New policies to fuel car sales
China is to increase policy support to promote auto sales, the country’s top economic planner said yesterday.
The National Development and Reform Commission said cities with restrictions will be encouraged to relax them, increase vehicle purchase quotas, and offer subsidies for buyers of new-energy vehicles.
Ning Jizhe, the commission’s deputy head, told CCTV that consumption plays a fundamental role in the country’s economic growth.
Ning said: “In the second half, the country will boost consumption in intelligent retail and online education, as well as promote consumption upgrade of the automobile and home appliance sectors.”
In the first half of the year, China released a series of policies to rev up auto sales amid the COVID-19 pandemic.
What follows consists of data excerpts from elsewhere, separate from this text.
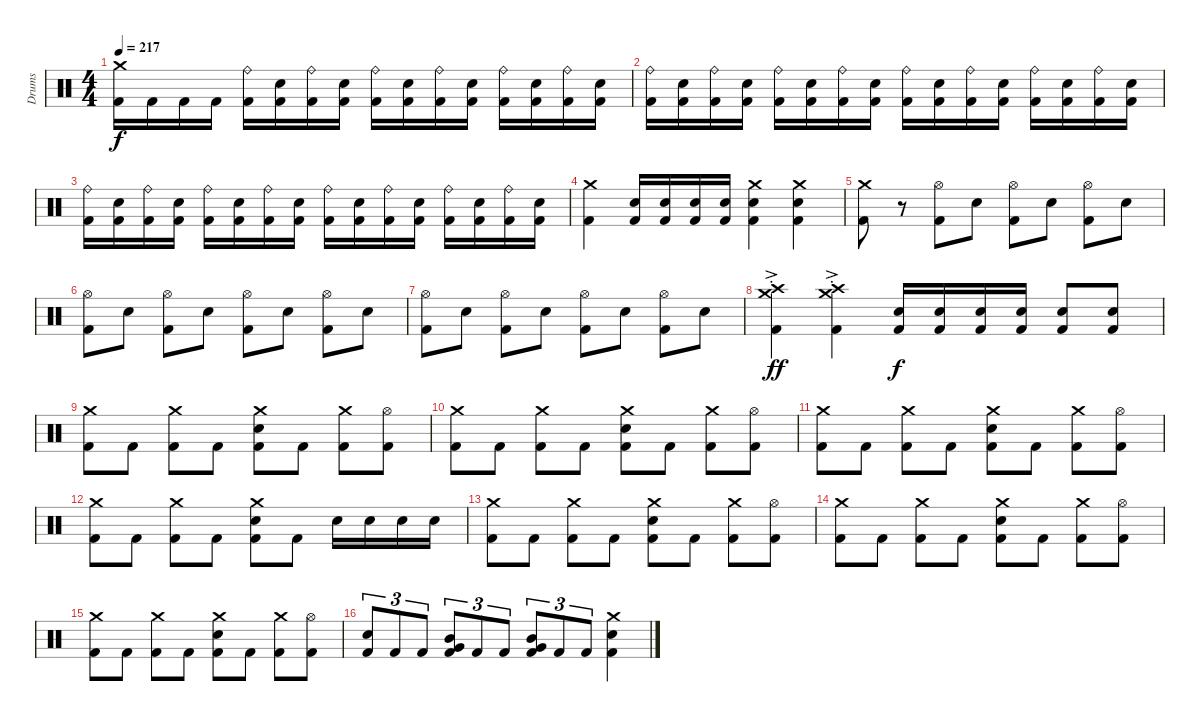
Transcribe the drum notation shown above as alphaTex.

\track ("Drums" "Drums") {instrument percussion}
\staff {score}
\articulation defaults
\ts (4 4)
\tempo 217
\clef neutral
\ks c
("Crash medium (hit)" "Kick (hit) 2").16{dy f} "Kick (hit) 2".16 "Kick (hit) 2".16 "Kick (hit) 2".16 ("Ride (bell)" "Kick (hit) 2").16 ("Electric Snare (hit)" "Kick (hit) 2").16 ("Ride (bell)" "Kick (hit) 2").16 ("Electric Snare (hit)" "Kick (hit) 2").16 ("Ride (bell)" "Kick (hit) 2").16 ("Electric Snare (hit)" "Kick (hit) 2").16 ("Ride (bell)" "Kick (hit) 2").16 ("Electric Snare (hit)" "Kick (hit) 2").16 ("Ride (bell)" "Kick (hit) 2").16 ("Electric Snare (hit)" "Kick (hit) 2").16 ("Ride (bell)" "Kick (hit) 2").16 ("Electric Snare (hit)" "Kick (hit) 2").16 |
("Ride (bell)" "Kick (hit) 2").16 ("Electric Snare (hit)" "Kick (hit) 2").16 ("Ride (bell)" "Kick (hit) 2").16 ("Electric Snare (hit)" "Kick (hit) 2").16 ("Ride (bell)" "Kick (hit) 2").16 ("Electric Snare (hit)" "Kick (hit) 2").16 ("Ride (bell)" "Kick (hit) 2").16 ("Electric Snare (hit)" "Kick (hit) 2").16 ("Ride (bell)" "Kick (hit) 2").16 ("Electric Snare (hit)" "Kick (hit) 2").16 ("Ride (bell)" "Kick (hit) 2").16 ("Electric Snare (hit)" "Kick (hit) 2").16 ("Ride (bell)" "Kick (hit) 2").16 ("Electric Snare (hit)" "Kick (hit) 2").16 ("Ride (bell)" "Kick (hit) 2").16 ("Electric Snare (hit)" "Kick (hit) 2").16 |
("Ride (bell)" "Kick (hit) 2").16 ("Electric Snare (hit)" "Kick (hit) 2").16 ("Ride (bell)" "Kick (hit) 2").16 ("Electric Snare (hit)" "Kick (hit) 2").16 ("Ride (bell)" "Kick (hit) 2").16 ("Electric Snare (hit)" "Kick (hit) 2").16 ("Ride (bell)" "Kick (hit) 2").16 ("Electric Snare (hit)" "Kick (hit) 2").16 ("Ride (bell)" "Kick (hit) 2").16 ("Electric Snare (hit)" "Kick (hit) 2").16 ("Ride (bell)" "Kick (hit) 2").16 ("Electric Snare (hit)" "Kick (hit) 2").16 ("Ride (bell)" "Kick (hit) 2").16 ("Electric Snare (hit)" "Kick (hit) 2").16 ("Ride (bell)" "Kick (hit) 2").16 ("Electric Snare (hit)" "Kick (hit) 2").16 |
("Crash medium (hit)" "Kick (hit) 2").4 ("Electric Snare (hit)" "Kick (hit) 2").16 ("Electric Snare (hit)" "Kick (hit) 2").16 ("Electric Snare (hit)" "Kick (hit) 2").16 ("Electric Snare (hit)" "Kick (hit) 2").16 ("Crash medium (hit)" "Electric Snare (hit)" "Kick (hit) 2").4 ("Crash medium (hit)" "Electric Snare (hit)" "Kick (hit) 2").4 |
("Crash medium (hit)" "Kick (hit) 2").8 r.8 ("Hi-Hat (open)" "Kick (hit) 2").8 "Electric Snare (hit)".8 ("Hi-Hat (open)" "Kick (hit) 2").8 "Electric Snare (hit)".8 ("Hi-Hat (open)" "Kick (hit) 2").8 "Electric Snare (hit)".8 |
("Hi-Hat (open)" "Kick (hit) 2").8 "Electric Snare (hit)".8 ("Hi-Hat (open)" "Kick (hit) 2").8 "Electric Snare (hit)".8 ("Hi-Hat (open)" "Kick (hit) 2").8 "Electric Snare (hit)".8 ("Hi-Hat (open)" "Kick (hit) 2").8 "Electric Snare (hit)".8 |
("Hi-Hat (open)" "Kick (hit) 2").8 "Electric Snare (hit)".8 ("Hi-Hat (open)" "Kick (hit) 2").8 "Electric Snare (hit)".8 ("Hi-Hat (open)" "Kick (hit) 2").8 "Electric Snare (hit)".8 ("Hi-Hat (open)" "Kick (hit) 2").8 "Electric Snare (hit)".8 |
("Crash medium (hit)"{ac st} "Crash high (hit)"{st} "Kick (hit) 2").4{dy ff} ("Crash medium (hit)"{ac st} "Crash high (hit)"{st} "Kick (hit) 2").4 ("Electric Snare (hit)" "Kick (hit) 2").16{dy f} ("Electric Snare (hit)" "Kick (hit) 2").16 ("Electric Snare (hit)" "Kick (hit) 2").16 ("Electric Snare (hit)" "Kick (hit) 2").16 ("Electric Snare (hit)" "Kick (hit) 2").8 ("Electric Snare (hit)" "Kick (hit) 2").8 |
("Crash medium (hit)" "Kick (hit) 2").8 "Kick (hit) 2".8 ("Crash medium (hit)" "Kick (hit) 2").8 "Kick (hit) 2".8 ("Crash medium (hit)" "Electric Snare (hit)" "Kick (hit) 2").8 "Kick (hit) 2".8 ("Crash medium (hit)" "Kick (hit) 2").8 ("Hi-Hat (open)" "Kick (hit) 2").8 |
("Crash medium (hit)" "Kick (hit) 2").8 "Kick (hit) 2".8 ("Crash medium (hit)" "Kick (hit) 2").8 "Kick (hit) 2".8 ("Crash medium (hit)" "Electric Snare (hit)" "Kick (hit) 2").8 "Kick (hit) 2".8 ("Crash medium (hit)" "Kick (hit) 2").8 ("Hi-Hat (open)" "Kick (hit) 2").8 |
("Crash medium (hit)" "Kick (hit) 2").8 "Kick (hit) 2".8 ("Crash medium (hit)" "Kick (hit) 2").8 "Kick (hit) 2".8 ("Crash medium (hit)" "Electric Snare (hit)" "Kick (hit) 2").8 "Kick (hit) 2".8 ("Crash medium (hit)" "Kick (hit) 2").8 ("Hi-Hat (open)" "Kick (hit) 2").8 |
("Crash medium (hit)" "Kick (hit) 2").8 "Kick (hit) 2".8 ("Crash medium (hit)" "Kick (hit) 2").8 "Kick (hit) 2".8 ("Crash medium (hit)" "Electric Snare (hit)" "Kick (hit) 2").8 "Kick (hit) 2".8 "Electric Snare (hit)".16 "Electric Snare (hit)".16 "Electric Snare (hit)".16 "Electric Snare (hit)".16 |
("Crash medium (hit)" "Kick (hit) 2").8 "Kick (hit) 2".8 ("Crash medium (hit)" "Kick (hit) 2").8 "Kick (hit) 2".8 ("Crash medium (hit)" "Electric Snare (hit)" "Kick (hit) 2").8 "Kick (hit) 2".8 ("Crash medium (hit)" "Kick (hit) 2").8 ("Hi-Hat (open)" "Kick (hit) 2").8 |
("Crash medium (hit)" "Kick (hit) 2").8 "Kick (hit) 2".8 ("Crash medium (hit)" "Kick (hit) 2").8 "Kick (hit) 2".8 ("Crash medium (hit)" "Electric Snare (hit)" "Kick (hit) 2").8 "Kick (hit) 2".8 ("Crash medium (hit)" "Kick (hit) 2").8 ("Hi-Hat (open)" "Kick (hit) 2").8 |
("Crash medium (hit)" "Kick (hit) 2").8 "Kick (hit) 2".8 ("Crash medium (hit)" "Kick (hit) 2").8 "Kick (hit) 2".8 ("Crash medium (hit)" "Electric Snare (hit)" "Kick (hit) 2").8 "Kick (hit) 2".8 ("Crash medium (hit)" "Kick (hit) 2").8 ("Hi-Hat (open)" "Kick (hit) 2").8 |
("Electric Snare (hit)" "Kick (hit) 2").8{tu (3 2)} "Kick (hit) 2".8{tu (3 2)} "Kick (hit) 2".8{tu (3 2)} ("Mid Tom (hit)" "Very Low Tom (hit)" "Kick (hit) 2").8{tu (3 2)} "Kick (hit) 2".8{tu (3 2)} "Kick (hit) 2".8{tu (3 2)} ("Mid Tom (hit)" "Very Low Tom (hit)" "Kick (hit) 2").8{tu (3 2)} "Kick (hit) 2".8{tu (3 2)} "Kick (hit) 2".8{tu (3 2)} ("Crash medium (hit)" "Electric Snare (hit)" "Kick (hit) 2").4

Sales growth in April indicated a recovery in the market, with auto sales rising 4.4 percent year on year to 2.07 million vehicles, a reversal compared with the 43 percent drop in March and February’s 79 percent retreat.
On July 30, Shenzhen introduced subsidies totaling 400 million yuan (US$57.6 million) for buyers replacing vehicles.
The Shenzhen government said the subsidies would be given to a gasoline car or a new-energy vehicle with emission standards above National VI. Buyers will also get 3,000 yuan if their new vehicle costs less than 300,000 yuan.